§ WHAT THE EXERCISE ASKS
Scan the records below for the line containing "Provide a short and direct response. Dominica." and the line containing "Offer a very short reply. 0.85.". Copy both, plus every line between, exactly.

*** Opening SUPPLIED INFORMATION ***

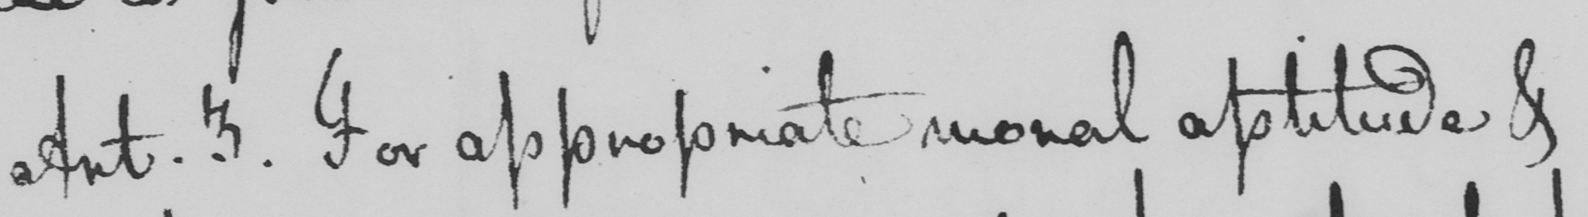Please transcribe the handwritten text in this image. Art . 3 . For appropriate moral aptitude & 
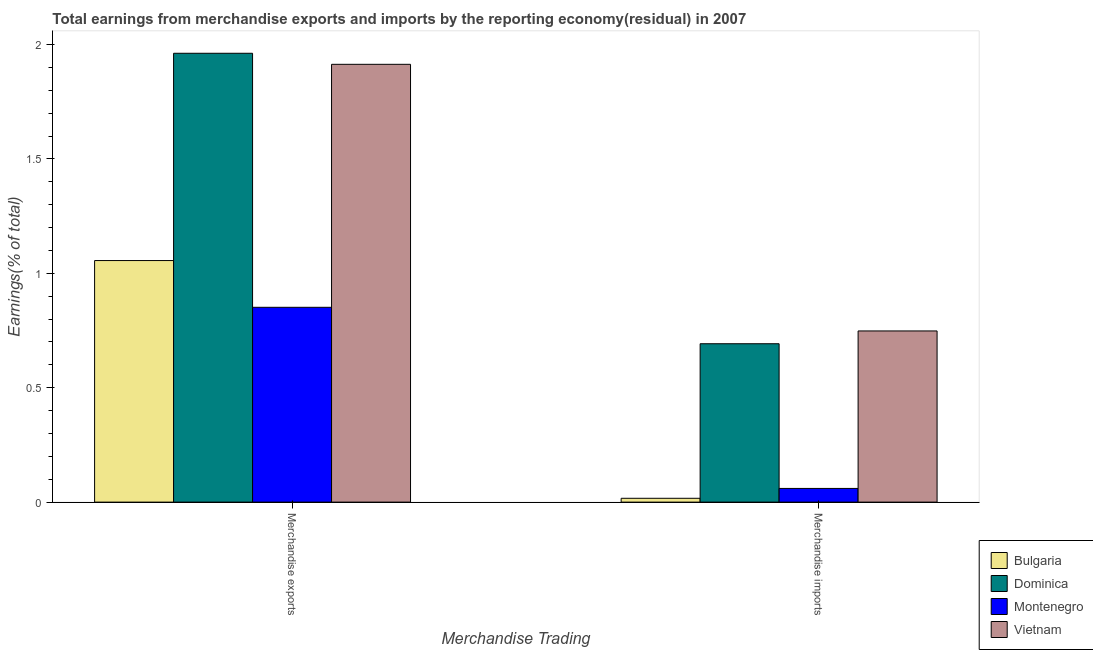Are the number of bars on each tick of the X-axis equal?
Make the answer very short. Yes. How many bars are there on the 1st tick from the right?
Keep it short and to the point. 4. What is the earnings from merchandise exports in Bulgaria?
Make the answer very short. 1.06. Across all countries, what is the maximum earnings from merchandise exports?
Provide a succinct answer. 1.96. Across all countries, what is the minimum earnings from merchandise imports?
Provide a short and direct response. 0.02. In which country was the earnings from merchandise imports maximum?
Offer a very short reply. Vietnam. In which country was the earnings from merchandise exports minimum?
Your response must be concise. Montenegro. What is the total earnings from merchandise exports in the graph?
Provide a succinct answer. 5.78. What is the difference between the earnings from merchandise exports in Montenegro and that in Vietnam?
Provide a succinct answer. -1.06. What is the difference between the earnings from merchandise exports in Vietnam and the earnings from merchandise imports in Dominica?
Give a very brief answer. 1.22. What is the average earnings from merchandise exports per country?
Provide a succinct answer. 1.45. What is the difference between the earnings from merchandise imports and earnings from merchandise exports in Dominica?
Keep it short and to the point. -1.27. What is the ratio of the earnings from merchandise exports in Bulgaria to that in Montenegro?
Ensure brevity in your answer.  1.24. Is the earnings from merchandise exports in Dominica less than that in Montenegro?
Provide a short and direct response. No. What does the 2nd bar from the left in Merchandise imports represents?
Provide a short and direct response. Dominica. What does the 3rd bar from the right in Merchandise exports represents?
Ensure brevity in your answer.  Dominica. Are all the bars in the graph horizontal?
Ensure brevity in your answer.  No. Are the values on the major ticks of Y-axis written in scientific E-notation?
Your response must be concise. No. What is the title of the graph?
Offer a terse response. Total earnings from merchandise exports and imports by the reporting economy(residual) in 2007. What is the label or title of the X-axis?
Your answer should be compact. Merchandise Trading. What is the label or title of the Y-axis?
Your response must be concise. Earnings(% of total). What is the Earnings(% of total) in Bulgaria in Merchandise exports?
Give a very brief answer. 1.06. What is the Earnings(% of total) in Dominica in Merchandise exports?
Ensure brevity in your answer.  1.96. What is the Earnings(% of total) in Montenegro in Merchandise exports?
Offer a very short reply. 0.85. What is the Earnings(% of total) of Vietnam in Merchandise exports?
Your answer should be very brief. 1.91. What is the Earnings(% of total) in Bulgaria in Merchandise imports?
Your response must be concise. 0.02. What is the Earnings(% of total) in Dominica in Merchandise imports?
Provide a succinct answer. 0.69. What is the Earnings(% of total) in Montenegro in Merchandise imports?
Provide a short and direct response. 0.06. What is the Earnings(% of total) in Vietnam in Merchandise imports?
Your answer should be compact. 0.75. Across all Merchandise Trading, what is the maximum Earnings(% of total) in Bulgaria?
Ensure brevity in your answer.  1.06. Across all Merchandise Trading, what is the maximum Earnings(% of total) of Dominica?
Offer a very short reply. 1.96. Across all Merchandise Trading, what is the maximum Earnings(% of total) of Montenegro?
Ensure brevity in your answer.  0.85. Across all Merchandise Trading, what is the maximum Earnings(% of total) of Vietnam?
Provide a succinct answer. 1.91. Across all Merchandise Trading, what is the minimum Earnings(% of total) of Bulgaria?
Your answer should be very brief. 0.02. Across all Merchandise Trading, what is the minimum Earnings(% of total) in Dominica?
Make the answer very short. 0.69. Across all Merchandise Trading, what is the minimum Earnings(% of total) of Montenegro?
Your answer should be compact. 0.06. Across all Merchandise Trading, what is the minimum Earnings(% of total) in Vietnam?
Your answer should be very brief. 0.75. What is the total Earnings(% of total) in Bulgaria in the graph?
Your answer should be compact. 1.07. What is the total Earnings(% of total) in Dominica in the graph?
Ensure brevity in your answer.  2.65. What is the total Earnings(% of total) of Montenegro in the graph?
Your response must be concise. 0.91. What is the total Earnings(% of total) of Vietnam in the graph?
Keep it short and to the point. 2.66. What is the difference between the Earnings(% of total) in Bulgaria in Merchandise exports and that in Merchandise imports?
Your answer should be very brief. 1.04. What is the difference between the Earnings(% of total) in Dominica in Merchandise exports and that in Merchandise imports?
Keep it short and to the point. 1.27. What is the difference between the Earnings(% of total) of Montenegro in Merchandise exports and that in Merchandise imports?
Offer a terse response. 0.79. What is the difference between the Earnings(% of total) in Vietnam in Merchandise exports and that in Merchandise imports?
Offer a very short reply. 1.17. What is the difference between the Earnings(% of total) of Bulgaria in Merchandise exports and the Earnings(% of total) of Dominica in Merchandise imports?
Offer a very short reply. 0.36. What is the difference between the Earnings(% of total) of Bulgaria in Merchandise exports and the Earnings(% of total) of Vietnam in Merchandise imports?
Your answer should be very brief. 0.31. What is the difference between the Earnings(% of total) of Dominica in Merchandise exports and the Earnings(% of total) of Montenegro in Merchandise imports?
Provide a succinct answer. 1.9. What is the difference between the Earnings(% of total) in Dominica in Merchandise exports and the Earnings(% of total) in Vietnam in Merchandise imports?
Offer a terse response. 1.21. What is the difference between the Earnings(% of total) of Montenegro in Merchandise exports and the Earnings(% of total) of Vietnam in Merchandise imports?
Give a very brief answer. 0.1. What is the average Earnings(% of total) of Bulgaria per Merchandise Trading?
Provide a short and direct response. 0.54. What is the average Earnings(% of total) in Dominica per Merchandise Trading?
Provide a succinct answer. 1.33. What is the average Earnings(% of total) in Montenegro per Merchandise Trading?
Offer a very short reply. 0.46. What is the average Earnings(% of total) of Vietnam per Merchandise Trading?
Provide a succinct answer. 1.33. What is the difference between the Earnings(% of total) in Bulgaria and Earnings(% of total) in Dominica in Merchandise exports?
Make the answer very short. -0.91. What is the difference between the Earnings(% of total) of Bulgaria and Earnings(% of total) of Montenegro in Merchandise exports?
Offer a terse response. 0.2. What is the difference between the Earnings(% of total) of Bulgaria and Earnings(% of total) of Vietnam in Merchandise exports?
Provide a succinct answer. -0.86. What is the difference between the Earnings(% of total) of Dominica and Earnings(% of total) of Montenegro in Merchandise exports?
Your response must be concise. 1.11. What is the difference between the Earnings(% of total) in Dominica and Earnings(% of total) in Vietnam in Merchandise exports?
Your response must be concise. 0.05. What is the difference between the Earnings(% of total) of Montenegro and Earnings(% of total) of Vietnam in Merchandise exports?
Make the answer very short. -1.06. What is the difference between the Earnings(% of total) of Bulgaria and Earnings(% of total) of Dominica in Merchandise imports?
Offer a very short reply. -0.68. What is the difference between the Earnings(% of total) in Bulgaria and Earnings(% of total) in Montenegro in Merchandise imports?
Keep it short and to the point. -0.04. What is the difference between the Earnings(% of total) of Bulgaria and Earnings(% of total) of Vietnam in Merchandise imports?
Your response must be concise. -0.73. What is the difference between the Earnings(% of total) in Dominica and Earnings(% of total) in Montenegro in Merchandise imports?
Give a very brief answer. 0.63. What is the difference between the Earnings(% of total) of Dominica and Earnings(% of total) of Vietnam in Merchandise imports?
Offer a very short reply. -0.06. What is the difference between the Earnings(% of total) of Montenegro and Earnings(% of total) of Vietnam in Merchandise imports?
Your response must be concise. -0.69. What is the ratio of the Earnings(% of total) in Bulgaria in Merchandise exports to that in Merchandise imports?
Your response must be concise. 63.05. What is the ratio of the Earnings(% of total) in Dominica in Merchandise exports to that in Merchandise imports?
Keep it short and to the point. 2.83. What is the ratio of the Earnings(% of total) in Montenegro in Merchandise exports to that in Merchandise imports?
Give a very brief answer. 14.22. What is the ratio of the Earnings(% of total) in Vietnam in Merchandise exports to that in Merchandise imports?
Make the answer very short. 2.56. What is the difference between the highest and the second highest Earnings(% of total) of Bulgaria?
Make the answer very short. 1.04. What is the difference between the highest and the second highest Earnings(% of total) in Dominica?
Provide a succinct answer. 1.27. What is the difference between the highest and the second highest Earnings(% of total) in Montenegro?
Your answer should be very brief. 0.79. What is the difference between the highest and the second highest Earnings(% of total) of Vietnam?
Offer a terse response. 1.17. What is the difference between the highest and the lowest Earnings(% of total) of Bulgaria?
Make the answer very short. 1.04. What is the difference between the highest and the lowest Earnings(% of total) in Dominica?
Your answer should be very brief. 1.27. What is the difference between the highest and the lowest Earnings(% of total) in Montenegro?
Offer a very short reply. 0.79. What is the difference between the highest and the lowest Earnings(% of total) in Vietnam?
Give a very brief answer. 1.17. 
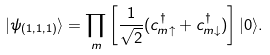<formula> <loc_0><loc_0><loc_500><loc_500>| \psi _ { ( 1 , 1 , 1 ) } \rangle = \prod _ { m } \left [ \frac { 1 } { \sqrt { 2 } } ( c ^ { \dagger } _ { m \uparrow } + c ^ { \dagger } _ { m \downarrow } ) \right ] | 0 \rangle .</formula>

*** Closing SUPPLIED INFORMATION ***

§ FINAL ANSWER
Provide a short and direct response. Dominica. What does the 3rd bar from the right in Merchandise exports represents?
Ensure brevity in your answer.  Dominica. Are all the bars in the graph horizontal?
Ensure brevity in your answer.  No. Are the values on the major ticks of Y-axis written in scientific E-notation?
Your response must be concise. No. What is the title of the graph?
Offer a terse response. Total earnings from merchandise exports and imports by the reporting economy(residual) in 2007. What is the label or title of the X-axis?
Your answer should be compact. Merchandise Trading. What is the label or title of the Y-axis?
Your response must be concise. Earnings(% of total). What is the Earnings(% of total) in Bulgaria in Merchandise exports?
Give a very brief answer. 1.06. What is the Earnings(% of total) in Dominica in Merchandise exports?
Ensure brevity in your answer.  1.96. What is the Earnings(% of total) in Montenegro in Merchandise exports?
Offer a very short reply. 0.85. What is the Earnings(% of total) of Vietnam in Merchandise exports?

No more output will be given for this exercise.